The technology itself sounds pretty simple: RFID-enabled supply cabinets track items that are removed or replaced—and add or subtract them from specific patient records—every time the door is opened and closed. It’s a lot like the electronic minibars you find in some hotel rooms. And staff can pinpoint the exact location of each item—down to a specific section of a specific cabinet—from work or by logging on to the system from home. “So you would never be caught without a piece of equipment that you need to treat a patient. We never were able to do that,” Sheridan says.

“When you have that accuracy rate and real-time data capture, you’re able to make decisions more agilely in terms of what you should be ordering and how to manage your finances in terms of revenue and expenses,” he adds. “In healthcare we’re not in the business of making money. But certainly we’re not in the business of not losing money.”

Another benefit of the tracking system is that it improves clinicians’ workflow, whose primary goal is to take care of patients, not manage inventory, Sheridan notes. When physicians dictate reports, the tracking system helps them determine which products they used to treat that patient. The information is imported directly into the patient’s medical record, including lot numbers. “And none of it is done manually; it’s all automated,” Sheridan says.

The system also improves security. To access the cabinets, staff must scan a badge or enter a unique identification code. You can keep track of each person’s activities and employ rules as to who can access which cabinet. “There’s no more getting away without having your hand caught in the cookie jar, so speak,” Sheridan says. 

But after implementing the system and analyzing the data it produced, MGH started to see how it could take the system to the next level. 

‘Round-trip ticket’

“We decided we really needed to integrate this to what we call the Holy Grail of inventory management, which is the full electronic round-trip ticket—from the time that the product comes in, to the time that the product gets consumed, to the time that the product gets back on the shelf—95% of that is automated.”

The second phase was integrating the cabinets and the reorder system.

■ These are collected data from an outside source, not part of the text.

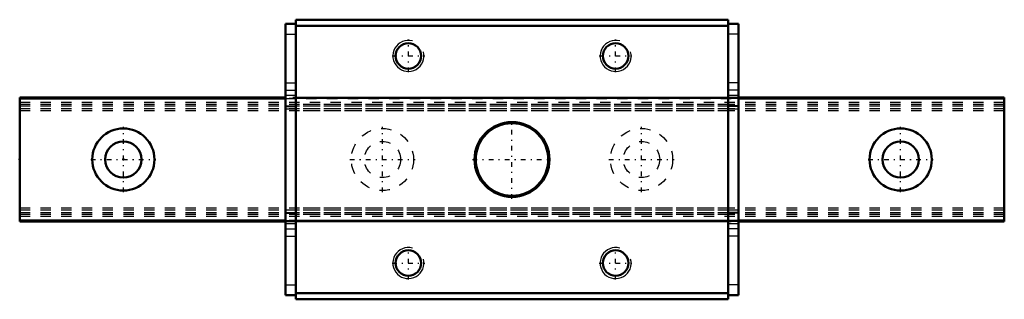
# Model space of a CAD drawing. Header units: millimetres. Extents: x -10 to 85, y -13.5 to 13.5.
import ezdxf

# ---------------------------------------------------------------- set-up
doc = ezdxf.new("R2010")
doc.units = ezdxf.units.MM
doc.linetypes.add('Center', pattern=[1.5, 0.45, -0.5, 0.05, -0.5])
doc.linetypes.add('Dashed', pattern=[2, 1, -1])
for name, color, linetype, lineweight in [('2d ConnectionPoints', 7, 'Continuous', 50), ('AM_0', 7, 'Continuous', 50), ('AM_4', 3, 'Continuous', 25), ('AM_5', 3, 'Continuous', 25), ('AM_7', 7, 'Center', 25), ('AM_9', 6, 'Dashed', 25)]:
    doc.layers.add(name, color=color, linetype=linetype, lineweight=lineweight)

# ---------------------------------------------------------------- blocks, each defined once
blk = doc.blocks.new('1_Slider__EPF12_M_10_11_0_in_EPF12M27_95LM_G10_0_25_65_1_4')
at = {"layer": 'AM_0'}
for p, q in [((58.35, 13.5), (16.65, 13.5)), ((16.65, 13.5), (16.65, -13.5)), ((58.35, 13.5), (58.35, -13.5)), ((15.65, 13.1), (16.65, 13.1)), ((15.65, 13.1), (15.65, -13.1)), ((58.35, 12.9), (16.65, 12.9)), ((59.35, 13.1), (58.35, 13.1)), ((59.35, 13.1), (59.35, -13.1)), ((15.65, -13.1), (16.65, -13.1)), ((58.35, -12.9), (16.65, -12.9)), ((59.35, -13.1), (58.35, -13.1)), ((58.35, -13.5), (16.65, -13.5))]:
    blk.add_line(p, q, dxfattribs=at)
for centre, radius in [((27.5, 10), 1.23), ((47.5, 10), 1.23), ((37.5, 0), 3.615), ((37.5, 0), 3.5), ((27.5, -10), 1.23), ((47.5, -10), 1.23)]:
    blk.add_circle(centre, radius, dxfattribs=at)
at = {"layer": 'AM_4'}
for p, q in [((15.65, 12.1), (16.65, 12.1)), ((59.35, 12.1), (58.35, 12.1)), ((15.65, -12.1), (16.65, -12.1)), ((59.35, -12.1), (58.35, -12.1))]:
    blk.add_line(p, q, dxfattribs=at)
at = {"layer": 'AM_5'}
for centre in [(27.5, 10), (47.5, 10), (27.5, -10), (47.5, -10)]:
    blk.add_arc(centre, 1.5, 75, 15, dxfattribs=at)
at = {"layer": 'AM_7'}
for p, q in [((27.5, 8.425), (27.5, 11.575)), ((47.5, 8.425), (47.5, 11.575)), ((25.925, 10), (29.075, 10)), ((45.925, 10), (49.075, 10)), ((37.5, -3.796), (37.5, 3.796)), ((33.704, 0), (41.296, 0)), ((27.5, -11.575), (27.5, -8.425)), ((47.5, -11.575), (47.5, -8.425)), ((25.925, -10), (29.075, -10)), ((45.925, -10), (49.075, -10))]:
    blk.add_line(p, q, dxfattribs=at)
at = {"layer": 'AM_9'}
for p, q in [((15.65, 7.414), (16.65, 7.414)), ((15.65, 6.707), (16.65, 6.707)), ((59.35, 7.414), (58.35, 7.414)), ((59.35, 6.707), (58.35, 6.707)), ((16.65, 6.186), (15.65, 6.186)), ((15.65, 5.893), (59.35, 5.893)), ((58.35, 6.001), (16.65, 6.001)), ((58.35, 6), (16.65, 6)), ((58.35, 5.956), (16.65, 5.956)), ((58.35, 5.9), (16.65, 5.9)), ((59.35, 6.186), (58.35, 6.186)), ((15.65, 5.186), (16.65, 5.186)), ((15.65, 5.116), (16.65, 5.116)), ((15.65, 4.881), (16.65, 4.881)), ((58.35, 5.308), (16.65, 5.308)), ((58.35, 5.163), (16.65, 5.163)), ((58.35, 4.9), (16.65, 4.9)), ((59.35, 5.186), (58.35, 5.186)), ((59.35, 5.116), (58.35, 5.116)), ((58.35, 4.881), (59.35, 4.881)), ((58.35, 4.7), (16.65, 4.7)), ((58.35, -4.7), (16.65, -4.7)), ((16.65, -4.881), (15.65, -4.881)), ((15.65, -5.116), (16.65, -5.116)), ((15.65, -5.186), (16.65, -5.186)), ((58.35, -4.9), (16.65, -4.9)), ((58.35, -5.163), (16.65, -5.163)), ((58.35, -5.308), (16.65, -5.308)), ((59.35, -4.881), (58.35, -4.881)), ((59.35, -5.116), (58.35, -5.116)), ((59.35, -5.186), (58.35, -5.186)), ((15.65, -5.893), (59.35, -5.893)), ((15.65, -6.186), (16.65, -6.186)), ((58.35, -5.9), (16.65, -5.9)), ((58.35, -5.956), (16.65, -5.956)), ((58.35, -6), (16.65, -6)), ((16.65, -6.001), (58.35, -6.001)), ((58.35, -6.186), (59.35, -6.186)), ((15.65, -6.707), (16.65, -6.707)), ((15.65, -7.414), (16.65, -7.414)), ((59.35, -6.707), (58.35, -6.707)), ((59.35, -7.414), (58.35, -7.414))]:
    blk.add_line(p, q, dxfattribs=at)
blk = doc.blocks.new('2_EPF12_M9510_R_Track_0_in_EPF12M27_95LM_G10_0_25_65_1_4')
at = {"layer": 'AM_0'}
for p, q in [((15.65, 6.001), (-10, 6.001)), ((-10, 6), (-10, -6)), ((15.65, 6), (-10, 6)), ((15.65, 5.9), (-10, 5.9)), ((85, 6.001), (59.35, 6.001)), ((85, 6), (59.35, 6)), ((85, 5.9), (59.35, 5.9)), ((85, 6), (85, -6)), ((15.65, -5.9), (-10, -5.9)), ((15.65, -6), (-10, -6)), ((-10, -6.001), (15.65, -6.001)), ((85, -5.9), (59.35, -5.9)), ((85, -6), (59.35, -6)), ((59.35, -6.001), (85, -6.001))]:
    blk.add_line(p, q, dxfattribs=at)
for centre, radius in [((0, 0), 3), ((75, 0), 3), ((0, 0), 1.75), ((75, 0), 1.75)]:
    blk.add_circle(centre, radius, dxfattribs=at)
at = {"layer": 'AM_4'}
for p, q in [((15.65, 5.956), (-10, 5.956)), ((85, 5.956), (59.35, 5.956)), ((15.65, -5.956), (-10, -5.956)), ((85, -5.956), (59.35, -5.956))]:
    blk.add_line(p, q, dxfattribs=at)
at = {"layer": 'AM_7'}
for p, q in [((0, -3.15), (0, 3.15)), ((25, -3.15), (25, 3.15)), ((50, -3.15), (50, 3.15)), ((75, -3.15), (75, 3.15)), ((-3.15, 0), (3.15, 0)), ((21.85, 0), (28.15, 0)), ((46.85, 0), (53.15, 0)), ((71.85, 0), (78.15, 0))]:
    blk.add_line(p, q, dxfattribs=at)
at = {"layer": 'AM_9'}
for p, q in [((85, 5.892), (-10, 5.892)), ((59.35, 6.001), (15.65, 6.001)), ((59.35, 6), (15.65, 6)), ((59.35, 5.956), (15.65, 5.956)), ((59.35, 5.9), (15.65, 5.9)), ((85, 5.5), (-10, 5.5)), ((85, 5.308), (-10, 5.308)), ((85, 5.163), (-10, 5.163)), ((85, 4.9), (-10, 4.9)), ((85, 4.7), (-10, 4.7)), ((85, -4.7), (-10, -4.7)), ((85, -4.9), (-10, -4.9)), ((85, -5.163), (-10, -5.163)), ((85, -5.308), (-10, -5.308)), ((85, -5.5), (-10, -5.5)), ((85, -5.892), (-10, -5.892)), ((59.35, -5.9), (15.65, -5.9)), ((59.35, -5.956), (15.65, -5.956)), ((59.35, -6), (15.65, -6)), ((15.65, -6.001), (59.35, -6.001))]:
    blk.add_line(p, q, dxfattribs=at)
for centre, radius in [((25, 0), 3), ((50, 0), 3), ((25, 0), 1.75), ((50, 0), 1.75)]:
    blk.add_circle(centre, radius, dxfattribs=at)

msp = doc.modelspace()

# ---------------------------------------------------------------- linework, layer by layer
at = {"layer": '2d ConnectionPoints'}
for p in [(-10, 0), (0, 0), (0, 0)]:
    msp.add_point(p, dxfattribs=at)

# ---------------------------------------------------------------- block references
for name in ['1_Slider__EPF12_M_10_11_0_in_EPF12M27_95LM_G10_0_25_65_1_4', '2_EPF12_M9510_R_Track_0_in_EPF12M27_95LM_G10_0_25_65_1_4']:
    msp.add_blockref(name, (0, 0))

doc.saveas('drawing.dxf')

“Rather than having manual eyeballs or running arduous reports, there was a consumption file that was sent to PeopleSoft, the organization’s order management system. Our inventory manager would then look at that for a minute or two to see if there were any gross inequities or things that just didn’t make any sense, and then they just hit send and it goes.”

The final phase was integration with the billing system.

“Many payers will absolutely not pay for specific bills if you filed for a CPT code that required you to use an angioplasty balloon. If they don’t see that angioplasty balloon, they will potentially hold the bill. And they won’t pay for it,” he says. The charge capture also jumped from 80% to all but 100%. The result of that 20% increase: roughly $1 million added to the bottom line.

“Data is great,” Sheridan says. “Right?”